■ **Exercise prompt**
Below are entries; output exactly the lines from the one with "Click on Start button at" to the one with "Step 0: click (352, 1345)", both included, and nothing else.

■ **Source data**
◆ ◆ ◆ ◆
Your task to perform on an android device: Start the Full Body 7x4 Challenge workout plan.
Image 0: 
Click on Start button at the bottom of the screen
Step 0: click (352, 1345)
◆ ◆ ◆ ◆
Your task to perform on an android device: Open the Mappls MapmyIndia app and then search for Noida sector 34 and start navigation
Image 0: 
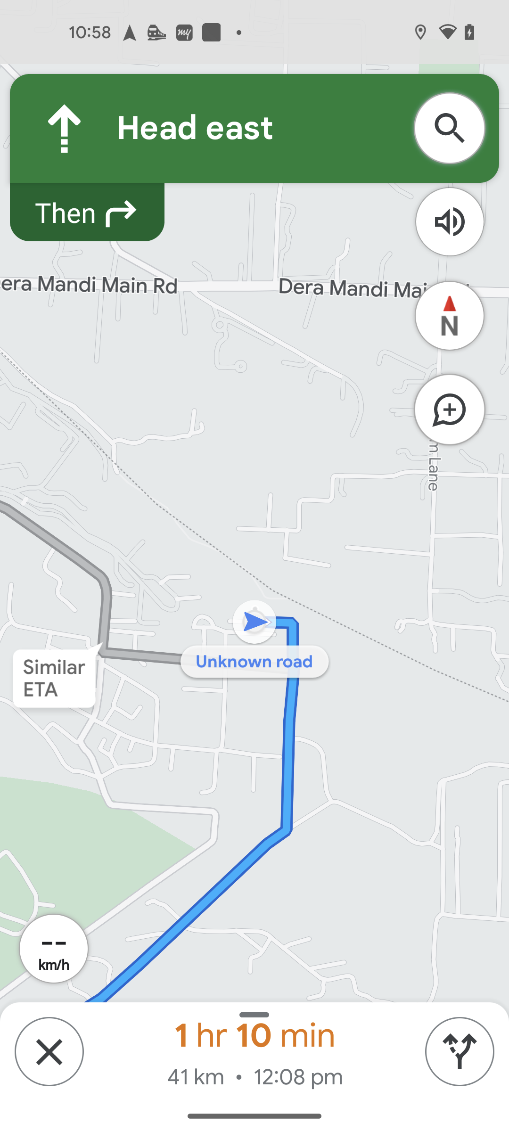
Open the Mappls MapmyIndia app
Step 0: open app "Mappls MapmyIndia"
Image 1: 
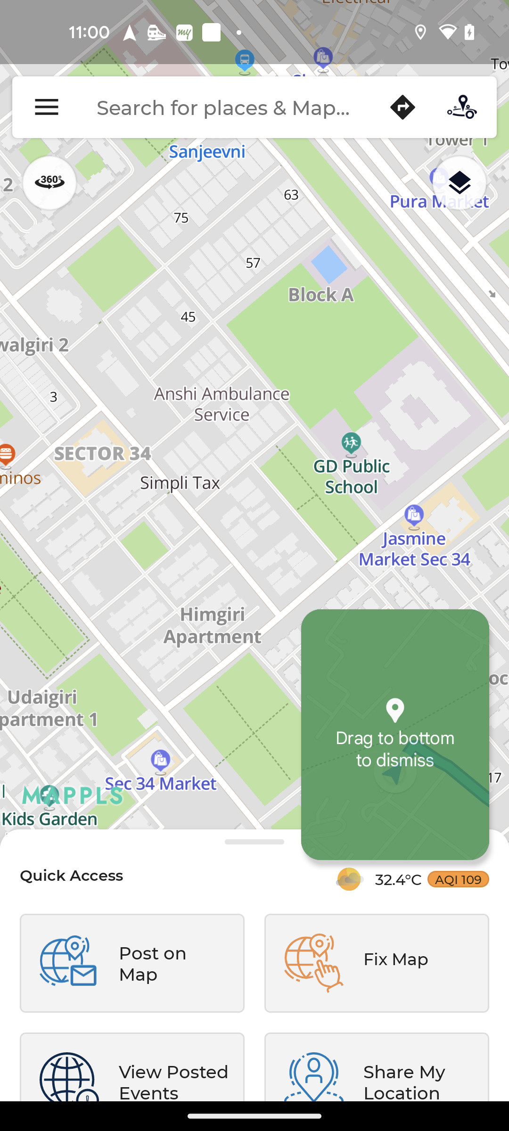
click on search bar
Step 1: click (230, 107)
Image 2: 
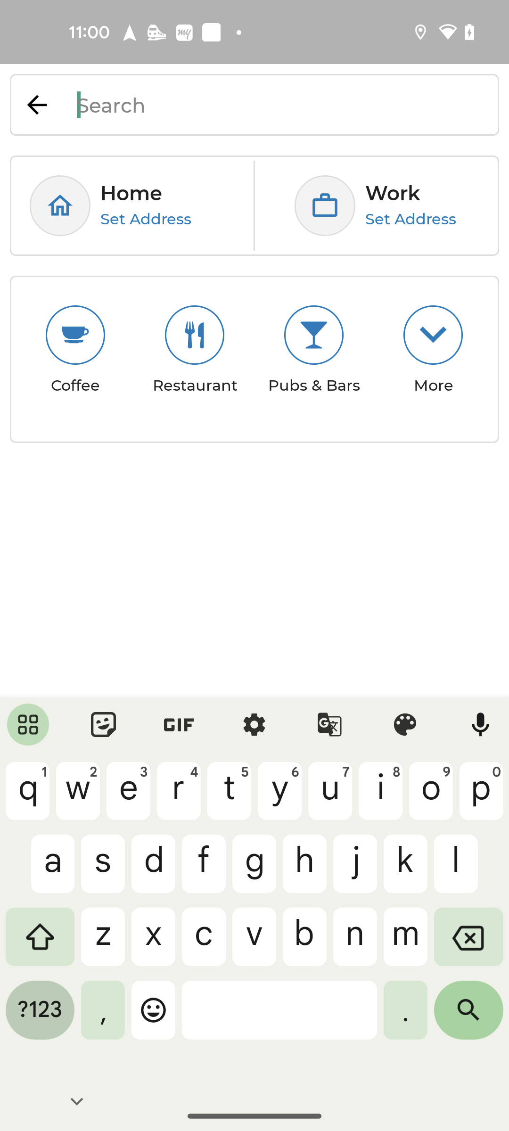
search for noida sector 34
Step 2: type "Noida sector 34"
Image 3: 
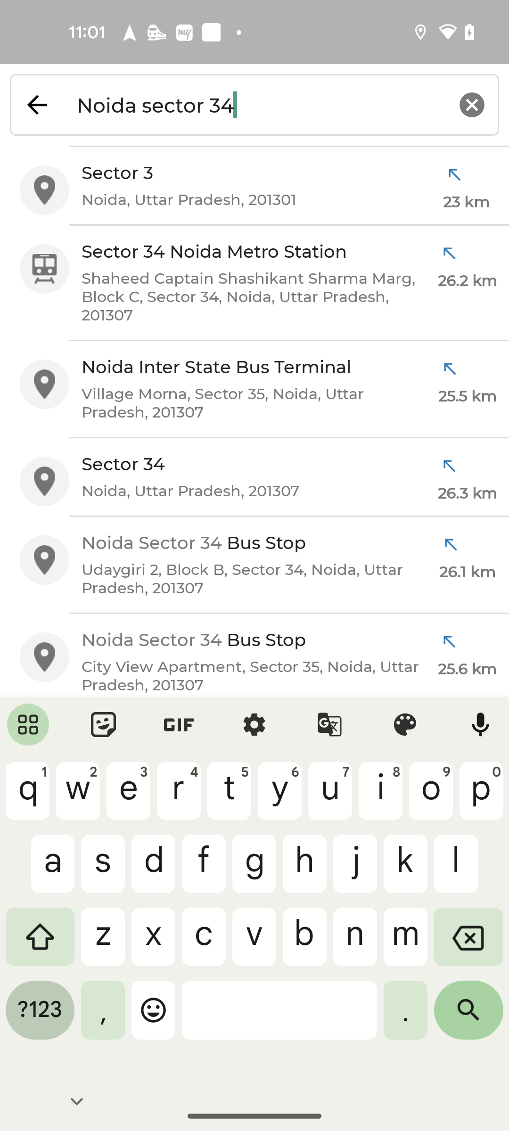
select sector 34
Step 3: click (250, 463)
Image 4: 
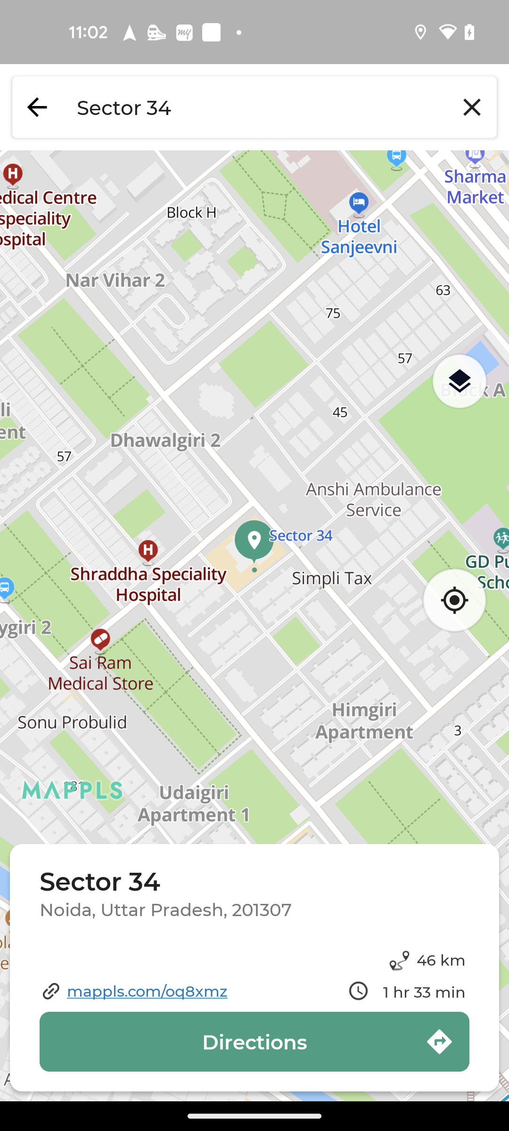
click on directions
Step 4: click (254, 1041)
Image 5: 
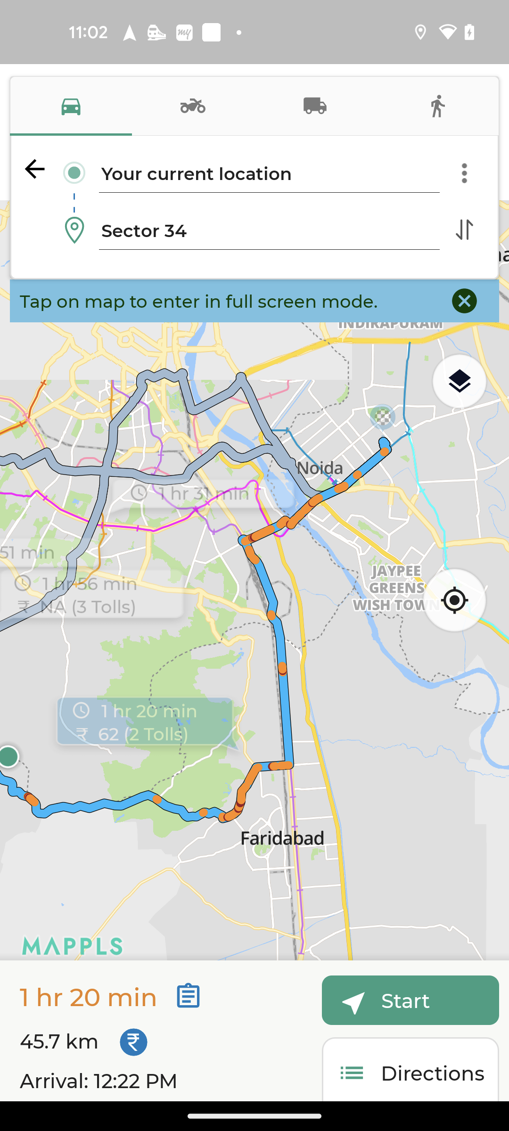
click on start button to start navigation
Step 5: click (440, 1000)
◆ ◆ ◆ ◆
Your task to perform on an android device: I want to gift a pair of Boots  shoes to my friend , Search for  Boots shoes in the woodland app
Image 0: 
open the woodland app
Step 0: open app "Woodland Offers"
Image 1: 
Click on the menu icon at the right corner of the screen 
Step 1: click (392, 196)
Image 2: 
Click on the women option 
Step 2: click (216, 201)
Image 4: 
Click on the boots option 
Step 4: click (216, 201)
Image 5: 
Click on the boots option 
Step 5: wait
◆ ◆ ◆ ◆
■ **Your response**
Click on Start button at the bottom of the screen
Step 0: click (352, 1345)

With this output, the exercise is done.